After the dishes were cleared away, it was still light outside. There was still a little time. I managed to move my mouth and form words. “A letter to my sons,” I said slowly and laboriously. “I need to write my sons. I need paper, a pen, an envelope, and a stamp.”

Seeming genuinely flummoxed, Stoat retorted, “What you think this is, some kind of office supplies store?”

Justin brought cheesy unbleached tablet paper from school. Stoat made me pull out a page from the back so Justin’s fingerprints would not be on it. Justin supplied me with a school-issue wooden pencil. There were no pens in this house, and no envelopes, and certainly no postage stamps. “I’ll take care of it next time we go to town, can’t I, Uncle Steve?”

“Sure, Justin,” Stoat said with expansive generosity. “I’ll give you money to buy a stamp next week sometime.”

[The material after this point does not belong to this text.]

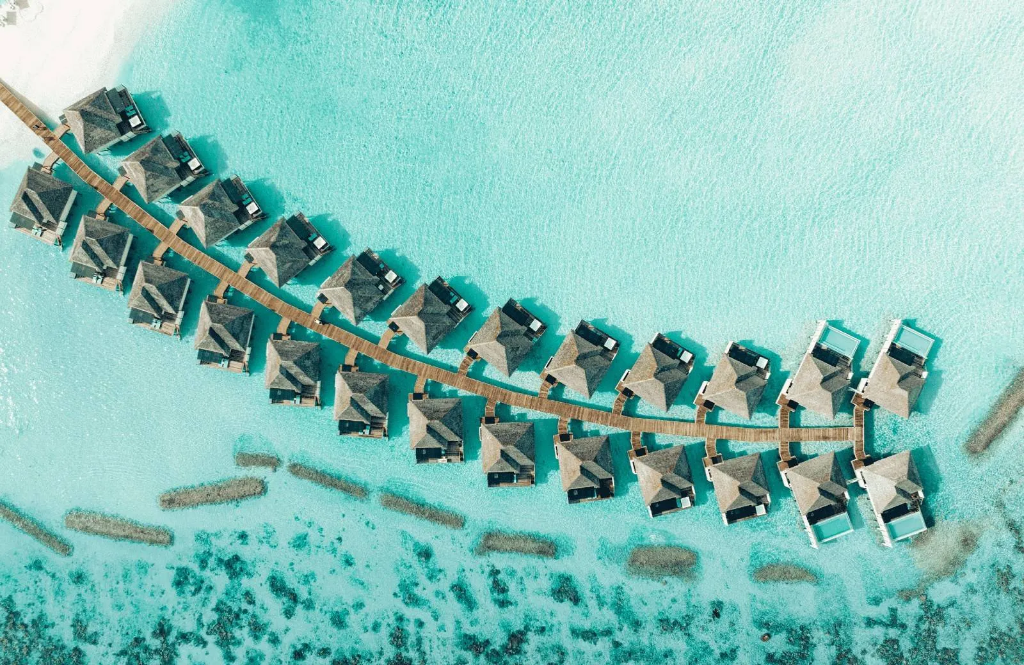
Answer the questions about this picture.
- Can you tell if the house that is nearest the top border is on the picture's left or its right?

Sitting to write, I discovered that my hands were clumsy, shaky, so I printed the mailing address first—c/o my ex-husband, the only address I could remember clearly, because for a long time it had been my own. Then, switching over to handwriting necessarily a bit larger and more childish than usual, I wrote, Dear Forrest and Quinn—

“Forrest and Quinn,” said Justin, maybe as a weak attempt to joke or tease. “You gave them those names, Forrest and Quinn?”

Yes, I had, meaning only to prove them a bit different, when in fact they had turned out quite conventional. Quinn, my firstborn, had become a banker, of all things, and Forrest a civil engineer, which did not mean that he was polite but rather that he constructed efficient sewer systems. Neither of them had married yet, having too much head and not enough heart; being, I thought, too much like their father, Georg with no e.

“It’s too bad babies are named at birth,” I told Justin.

“Go do the dishes, Justin,” growled Stoat.

I continued my letter.

Dear sons, please remember life has not been kind lately so this news is not terrible to me. I have encountered a man who needs to kill me. He promises to do so as quickly and painlessly as he can. By the time you receive this, I should be dead. This is my last will and testament in which I divide all my belongings equally between you. There is much I want to say but cannot, except that I wish you long and wonderful lives.